Along with the main news aggregator, I also built out a sports scraper, finance scraper and a scraper to pull in story content from around the Division II PSAC.
Recap Generator
My original career path was as a Sports Information Director. My family never knew what that was either so to the uninitiated, that’s the person at college sporting events that records game stats, updates the website, writes news articles, updates social media and handles a multitude of other duties as assigned by the athletic department.
When I was in the business, writing a recap from a road game that you didn’t watch via live stream was very standard. We would get a stat file and write the story of the game from the play-by-play and box score. Typically, that would take 30-45 minutes to write.
More recently, there are some companies that have begun turning those files into full recaps but the cost of the service is prohibitive to most small colleges and universities.
That got me to thinking that there has to be a way to build something similar on my own. Again, using the power of Claude, I built a tool that accepts files from all major sports and spits out a recap in approximately 20 seconds.
I have a tester using the system as I would expect an SID to use it and he’s been genuinely impressed with its effectiveness.
What’s Coming Down the Line Next?
TennisStats
I mentioned that original career path of Sports Information. Well, tennis has always been kept in a program called StatCrew. StatCrew was built in the 90s and has become unfunctional over the last 10 years unless you do some wild hacks to your laptop to ensure it still works. You can't use it on an iPad or even a Mac.

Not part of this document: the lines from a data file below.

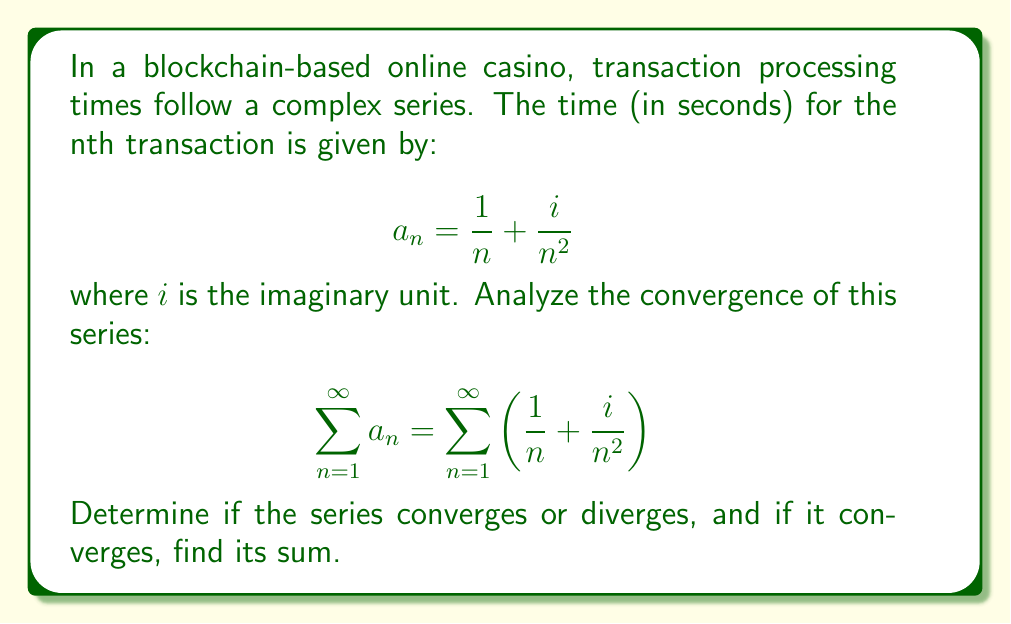Give your solution to this math problem. Let's approach this step-by-step:

1) First, we can split the series into two parts:

   $$\sum_{n=1}^{\infty} \left(\frac{1}{n} + \frac{i}{n^2}\right) = \sum_{n=1}^{\infty} \frac{1}{n} + i\sum_{n=1}^{\infty} \frac{1}{n^2}$$

2) Now we can analyze each part separately:

   a) $\sum_{n=1}^{\infty} \frac{1}{n}$ is the harmonic series, which is known to diverge.

   b) $\sum_{n=1}^{\infty} \frac{1}{n^2}$ is the p-series with p=2, which converges to $\frac{\pi^2}{6}$.

3) For a complex series $\sum (a_n + ib_n)$ to converge, both $\sum a_n$ and $\sum b_n$ must converge.

4) In our case, the real part (the harmonic series) diverges, while the imaginary part converges.

5) Since one part of the series diverges, the entire series diverges.

6) Even though the series diverges, we can still find the partial sum up to N terms:

   $$S_N = \sum_{n=1}^{N} \frac{1}{n} + i\sum_{n=1}^{N} \frac{1}{n^2}$$

   As $N \to \infty$, the real part grows without bound, while the imaginary part approaches $\frac{\pi^2}{6}i$.
Answer: The series diverges. 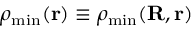Convert formula to latex. <formula><loc_0><loc_0><loc_500><loc_500>\rho _ { \min } ( { r } ) \equiv \rho _ { \min } ( { R } , { r } )</formula> 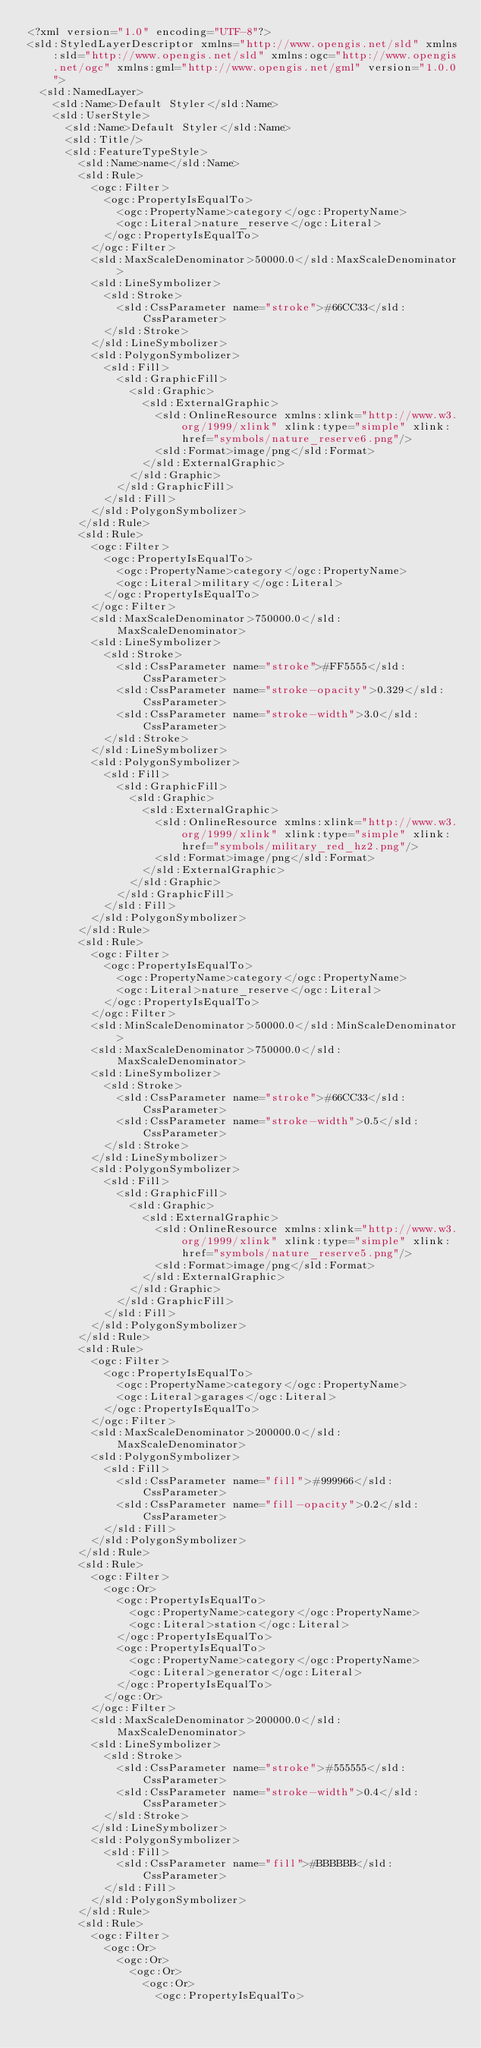Convert code to text. <code><loc_0><loc_0><loc_500><loc_500><_Scheme_><?xml version="1.0" encoding="UTF-8"?>
<sld:StyledLayerDescriptor xmlns="http://www.opengis.net/sld" xmlns:sld="http://www.opengis.net/sld" xmlns:ogc="http://www.opengis.net/ogc" xmlns:gml="http://www.opengis.net/gml" version="1.0.0">
  <sld:NamedLayer>
    <sld:Name>Default Styler</sld:Name>
    <sld:UserStyle>
      <sld:Name>Default Styler</sld:Name>
      <sld:Title/>
      <sld:FeatureTypeStyle>
        <sld:Name>name</sld:Name>
        <sld:Rule>
          <ogc:Filter>
            <ogc:PropertyIsEqualTo>
              <ogc:PropertyName>category</ogc:PropertyName>
              <ogc:Literal>nature_reserve</ogc:Literal>
            </ogc:PropertyIsEqualTo>
          </ogc:Filter>
          <sld:MaxScaleDenominator>50000.0</sld:MaxScaleDenominator>
          <sld:LineSymbolizer>
            <sld:Stroke>
              <sld:CssParameter name="stroke">#66CC33</sld:CssParameter>
            </sld:Stroke>
          </sld:LineSymbolizer>
          <sld:PolygonSymbolizer>
            <sld:Fill>
              <sld:GraphicFill>
                <sld:Graphic>
                  <sld:ExternalGraphic>
                    <sld:OnlineResource xmlns:xlink="http://www.w3.org/1999/xlink" xlink:type="simple" xlink:href="symbols/nature_reserve6.png"/>
                    <sld:Format>image/png</sld:Format>
                  </sld:ExternalGraphic>
                </sld:Graphic>
              </sld:GraphicFill>
            </sld:Fill>
          </sld:PolygonSymbolizer>
        </sld:Rule>
        <sld:Rule>
          <ogc:Filter>
            <ogc:PropertyIsEqualTo>
              <ogc:PropertyName>category</ogc:PropertyName>
              <ogc:Literal>military</ogc:Literal>
            </ogc:PropertyIsEqualTo>
          </ogc:Filter>
          <sld:MaxScaleDenominator>750000.0</sld:MaxScaleDenominator>
          <sld:LineSymbolizer>
            <sld:Stroke>
              <sld:CssParameter name="stroke">#FF5555</sld:CssParameter>
              <sld:CssParameter name="stroke-opacity">0.329</sld:CssParameter>
              <sld:CssParameter name="stroke-width">3.0</sld:CssParameter>
            </sld:Stroke>
          </sld:LineSymbolizer>
          <sld:PolygonSymbolizer>
            <sld:Fill>
              <sld:GraphicFill>
                <sld:Graphic>
                  <sld:ExternalGraphic>
                    <sld:OnlineResource xmlns:xlink="http://www.w3.org/1999/xlink" xlink:type="simple" xlink:href="symbols/military_red_hz2.png"/>
                    <sld:Format>image/png</sld:Format>
                  </sld:ExternalGraphic>
                </sld:Graphic>
              </sld:GraphicFill>
            </sld:Fill>
          </sld:PolygonSymbolizer>
        </sld:Rule>
        <sld:Rule>
          <ogc:Filter>
            <ogc:PropertyIsEqualTo>
              <ogc:PropertyName>category</ogc:PropertyName>
              <ogc:Literal>nature_reserve</ogc:Literal>
            </ogc:PropertyIsEqualTo>
          </ogc:Filter>
          <sld:MinScaleDenominator>50000.0</sld:MinScaleDenominator>
          <sld:MaxScaleDenominator>750000.0</sld:MaxScaleDenominator>
          <sld:LineSymbolizer>
            <sld:Stroke>
              <sld:CssParameter name="stroke">#66CC33</sld:CssParameter>
              <sld:CssParameter name="stroke-width">0.5</sld:CssParameter>
            </sld:Stroke>
          </sld:LineSymbolizer>
          <sld:PolygonSymbolizer>
            <sld:Fill>
              <sld:GraphicFill>
                <sld:Graphic>
                  <sld:ExternalGraphic>
                    <sld:OnlineResource xmlns:xlink="http://www.w3.org/1999/xlink" xlink:type="simple" xlink:href="symbols/nature_reserve5.png"/>
                    <sld:Format>image/png</sld:Format>
                  </sld:ExternalGraphic>
                </sld:Graphic>
              </sld:GraphicFill>
            </sld:Fill>
          </sld:PolygonSymbolizer>
        </sld:Rule>
        <sld:Rule>
          <ogc:Filter>
            <ogc:PropertyIsEqualTo>
              <ogc:PropertyName>category</ogc:PropertyName>
              <ogc:Literal>garages</ogc:Literal>
            </ogc:PropertyIsEqualTo>
          </ogc:Filter>
          <sld:MaxScaleDenominator>200000.0</sld:MaxScaleDenominator>
          <sld:PolygonSymbolizer>
            <sld:Fill>
              <sld:CssParameter name="fill">#999966</sld:CssParameter>
              <sld:CssParameter name="fill-opacity">0.2</sld:CssParameter>
            </sld:Fill>
          </sld:PolygonSymbolizer>
        </sld:Rule>
        <sld:Rule>
          <ogc:Filter>
            <ogc:Or>
              <ogc:PropertyIsEqualTo>
                <ogc:PropertyName>category</ogc:PropertyName>
                <ogc:Literal>station</ogc:Literal>
              </ogc:PropertyIsEqualTo>
              <ogc:PropertyIsEqualTo>
                <ogc:PropertyName>category</ogc:PropertyName>
                <ogc:Literal>generator</ogc:Literal>
              </ogc:PropertyIsEqualTo>
            </ogc:Or>
          </ogc:Filter>
          <sld:MaxScaleDenominator>200000.0</sld:MaxScaleDenominator>
          <sld:LineSymbolizer>
            <sld:Stroke>
              <sld:CssParameter name="stroke">#555555</sld:CssParameter>
              <sld:CssParameter name="stroke-width">0.4</sld:CssParameter>
            </sld:Stroke>
          </sld:LineSymbolizer>
          <sld:PolygonSymbolizer>
            <sld:Fill>
              <sld:CssParameter name="fill">#BBBBBB</sld:CssParameter>
            </sld:Fill>
          </sld:PolygonSymbolizer>
        </sld:Rule>
        <sld:Rule>
          <ogc:Filter>
            <ogc:Or>
              <ogc:Or>
                <ogc:Or>
                  <ogc:Or>
                    <ogc:PropertyIsEqualTo></code> 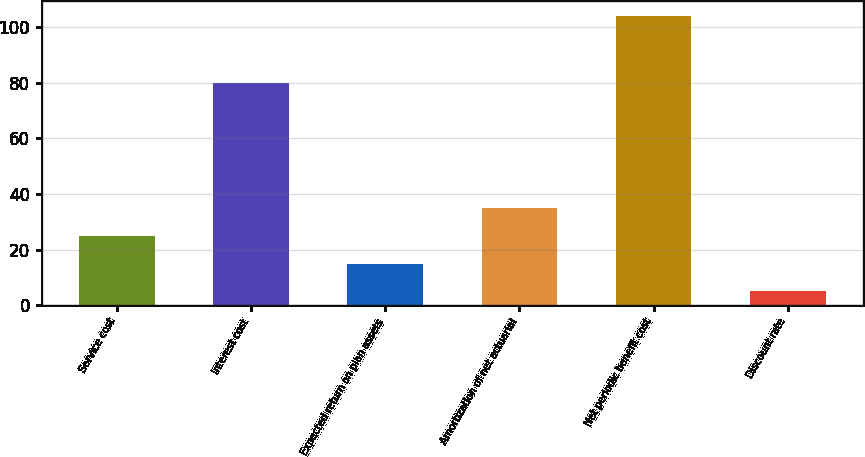<chart> <loc_0><loc_0><loc_500><loc_500><bar_chart><fcel>Service cost<fcel>Interest cost<fcel>Expected return on plan assets<fcel>Amortization of net actuarial<fcel>Net periodic benefit cost<fcel>Discount rate<nl><fcel>24.88<fcel>80<fcel>14.99<fcel>34.77<fcel>104<fcel>5.1<nl></chart> 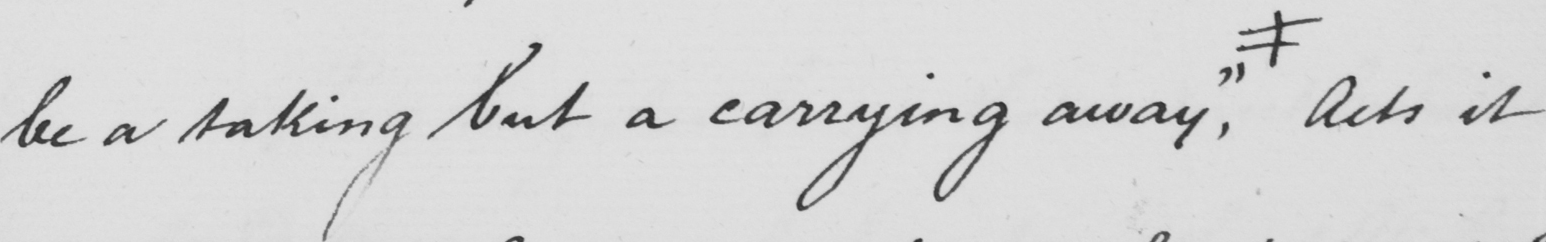Can you read and transcribe this handwriting? be a taking but a carrying away "  , # acts it 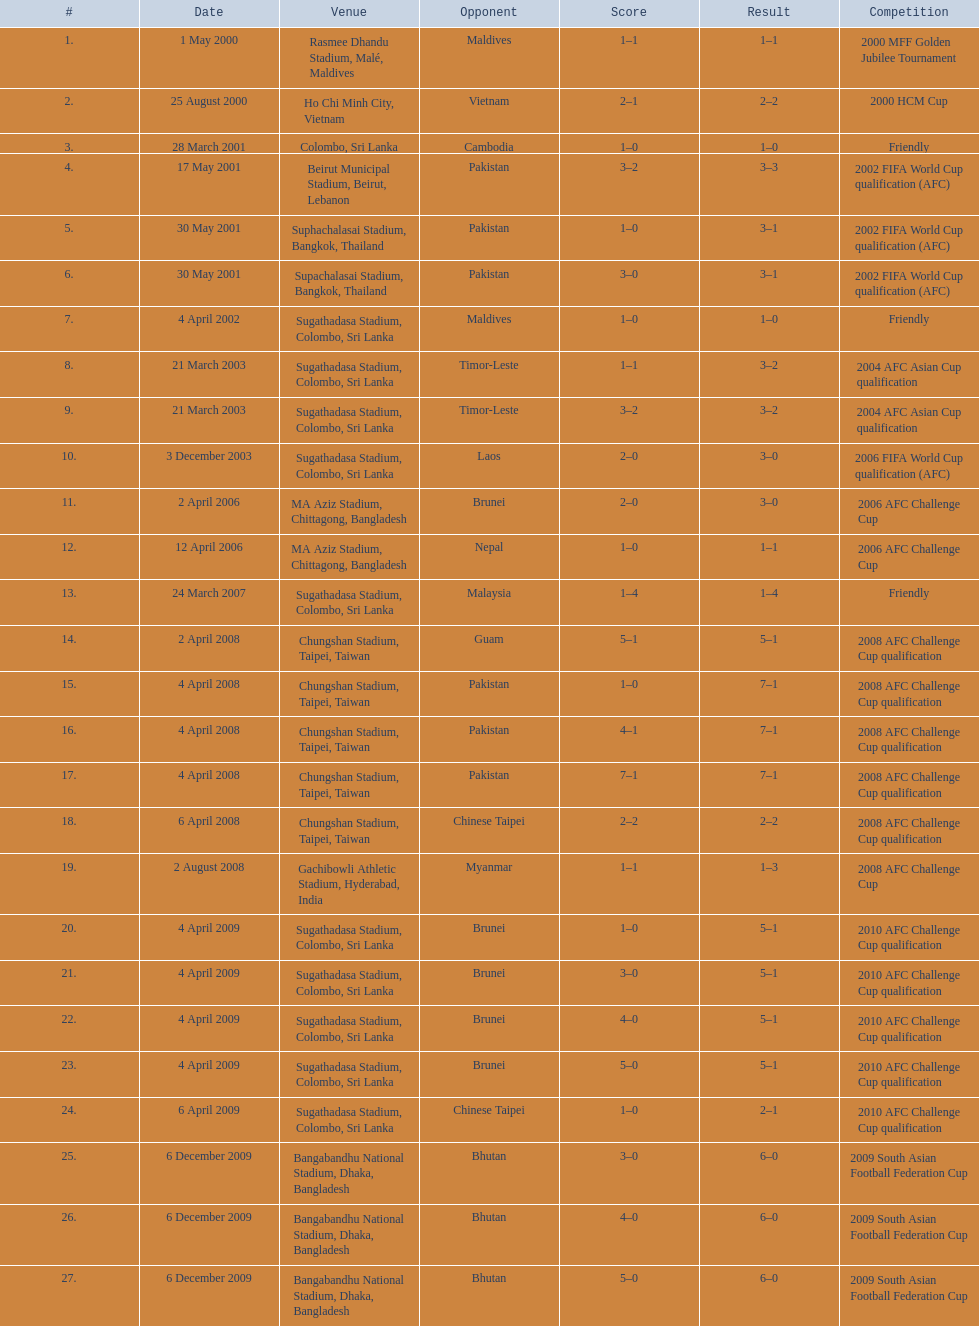How many times was laos the opponent? 1. 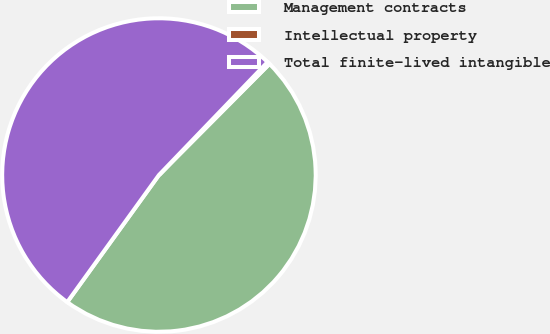Convert chart. <chart><loc_0><loc_0><loc_500><loc_500><pie_chart><fcel>Management contracts<fcel>Intellectual property<fcel>Total finite-lived intangible<nl><fcel>47.49%<fcel>0.27%<fcel>52.24%<nl></chart> 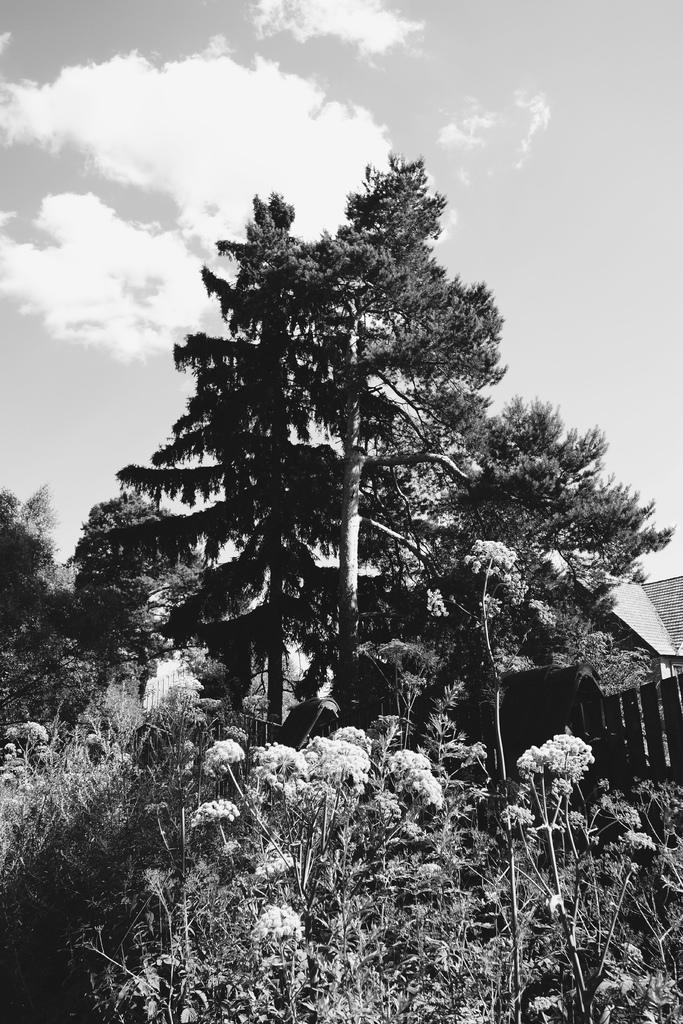What is the color scheme of the image? The image is black and white. What type of vegetation can be seen at the bottom of the image? There are plants with flowers at the bottom of the image. What can be seen in the background of the image? There are trees, a house, and clouds in the sky in the background of the image. How many chickens are sitting on the table in the image? There are no chickens or tables present in the image. 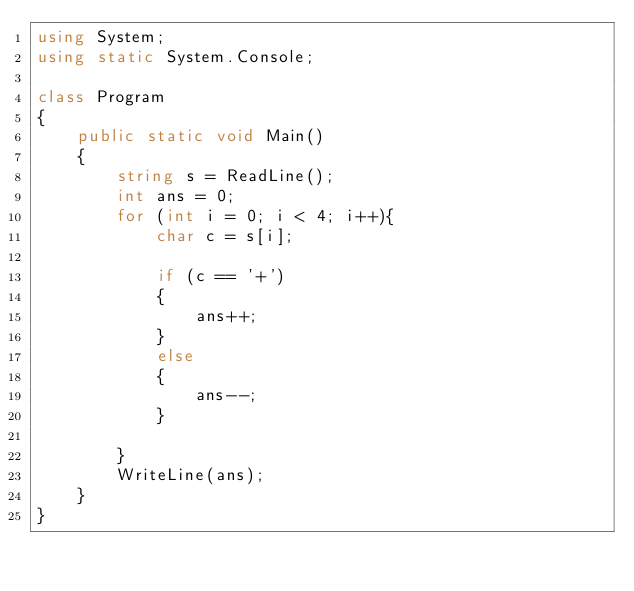Convert code to text. <code><loc_0><loc_0><loc_500><loc_500><_C#_>using System;
using static System.Console;

class Program
{
    public static void Main()
    {
        string s = ReadLine();
        int ans = 0;
        for (int i = 0; i < 4; i++){
            char c = s[i];

            if (c == '+')
            {
                ans++;
            }
            else
            {
                ans--;
            }

        }
        WriteLine(ans);
    }
}
</code>

Let’s fix that with a web interface that’s easy to use, but still generates files that can be used by SIDs to exchange information and update their websites.
Athletic Department Mobile App
I mentioned building a mobile app previously. That was built on Wordpress for the youth football league I helped with. This will include video from a third-party, news, schedules, advertising, push notifications and photo galleries.
It’ll be iOS only at first, as I typically code in Swift. However, Kotlin coding isn’t completely foreign so maybe we’ll add that later.
College Wrestling Pick-Em
We’ve all picked a bracket for the NCAA tournament. Whether you used Yahoo, CBS Sports or ESPN that was a tool that kept score as you accurately picked winners of games. (Or if you're like most of us, inaccurately picked winners of games.)
I’m not really a big basketball fan though and I live in Penn State Wrestling territory. I’ve always been a huge fan of amateur wrestling and thought, why not wrestling pick-em?
Last year, my cousin ran his own pick-em which he maintained through an Excel sheet. This year, I want to throw that on its head and have all 320 bouts (10 weight classes, 33-seeded wrestlers) picked.